To which I say, "Alas, tis true, 'tis pity. And pity 'tis 'tis true. But such is life, and I am resigned to my lot in it."
And then, with a heavy sigh, I shake my head and add, "Y'know, honestly? I could have done a lot worse than be one of the midwives to an organization that's fostered generations of young female geeks, resulted in one of the very few female-centered science fiction conventions in the United States, and is one of the oldest and largest clubs devoted to speculative fiction at any college in the Northeast. SSFFS may be full of weirdos and lunatics, but by God/dess, we've made our mark, and by and large the school is better for it!
"Besides, we're still the first and only club at a women's college that helps combat the evil influence of the sugary, processed horror known as Marshmallow Peeps, and if that ain't a perpetual blessing to the nation and the world, then what pray tell is?"
All hyperbole aside, tonight's diary, my fourth and last entry in the December Rewind series, is devoted to the literary genre that led me to band together with several other like-minded lasses, boldly cut our way through campus bureaucracy with the aid of a future Broadway producer who was big in student government, and found a club devoted to the literature we loved: science fiction and fantasy. We were girl geeks long before it was fashionable, and because we were students at a school devoted to educating women and only women, we could and did indulge our geekiness without having to worry about male geeks harassing us, questioning our credentials, or otherwise wrecking the whole experience for us because of our gender. Our numbers over the years have counted at least three professional editors, several writers, a bookstore owner, and enough SCAdians, cosplayers, con runners, gamers, and anime fen to put the lie to the mere concept of women and girls only liking SF and fantasy to please the men in their lives.

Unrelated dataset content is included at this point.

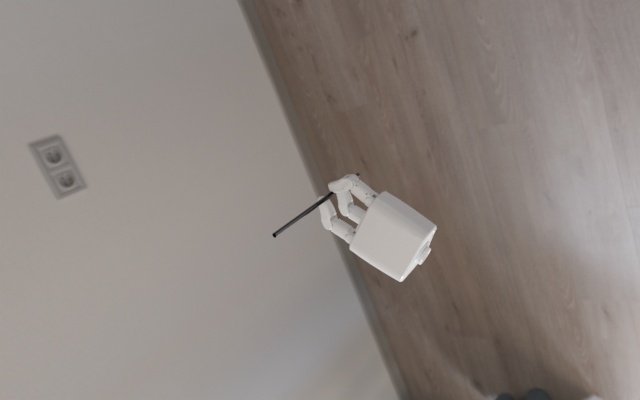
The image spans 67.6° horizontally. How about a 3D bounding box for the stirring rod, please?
[{"bbox_3d":[0.000,0.003,0.813,0.011,0.011,0.239,0,25,41],"label":"stirring rod"}]

In honor of Smith, SSFFS, and the literature I love, tonight I bring you four diaries that touch in some way on science fiction, fantasy, or comic books - you know, fannish stuff. One is the saga of a Victorian novelist so bad the most influential fantasists of the 20th century read her books aloud until they choked on their laughter, the second is a list of my personal favorites coupled with a look at the World of Tomorrow as seen in 1939, the third is an object lesson in what happens when a) data is faked and b) genres are mixed with all the discrimination and taste of a schoolchild with a chemistry set, Chef Paul Prudhomme's spice mixtures, and a copy of The Anarchist's Cookbook, and the fourth is a dissection of the work product and career of what is possibly the single worst artist who's ever received money from a major comic company, and yes, I am counting some of those early Jack Kirby illos before he'd quite figured out human anatomy -
The Inklings Laughed - few today remember, and even fewer find much literary merit, in the works of bestselling author Amanda McKittrick Ros. Ros, a housewife who persisted in writing despite the best efforts of everyone in the English-speaking world to get her to stop, hit and hit big after several ambiguously worded reviews by incredulous critics brought the same sort of people who love the films of Edward D. Wood, Jr., storming the bookstores looking for Irene Iddlesleigh, Delina Delaney, and subsequent masterpieces.

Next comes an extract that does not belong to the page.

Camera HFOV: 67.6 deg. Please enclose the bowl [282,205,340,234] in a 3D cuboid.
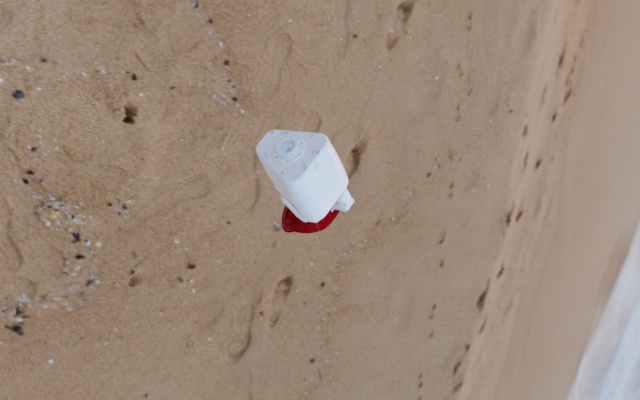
[{"bbox_3d":[0.001,0.003,0.872,0.055,0.162,0.162,32,11,19],"label":"bowl"}]
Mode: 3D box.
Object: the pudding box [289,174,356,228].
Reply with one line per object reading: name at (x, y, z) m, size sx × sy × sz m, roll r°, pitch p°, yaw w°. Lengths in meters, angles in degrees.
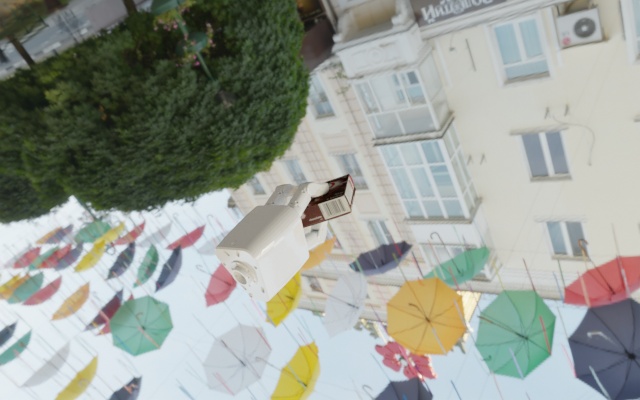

Known for the use of clever and inventive literary tricks like massive run-on sentences, incoherent descriptive passages, poetry that made William Topaz McGonagall look like Shakespeare, and naming all her characters after pieces of fruit (just what was the Earl of Grape up to?), Ros earned a small but significant place in literary history when members of the Inklings, the legendary group of fantasy writers that included Charles Williams, JRR Tolkien, and CS Lewish, acquired a couple of her books and read them aloud to each other as examples of how not to write. Even better, she turned the tables on her critics late in her career by writing a book where - you guessed it - a snobby litterateur who has no idea what real people like is condemned to the fires of hell.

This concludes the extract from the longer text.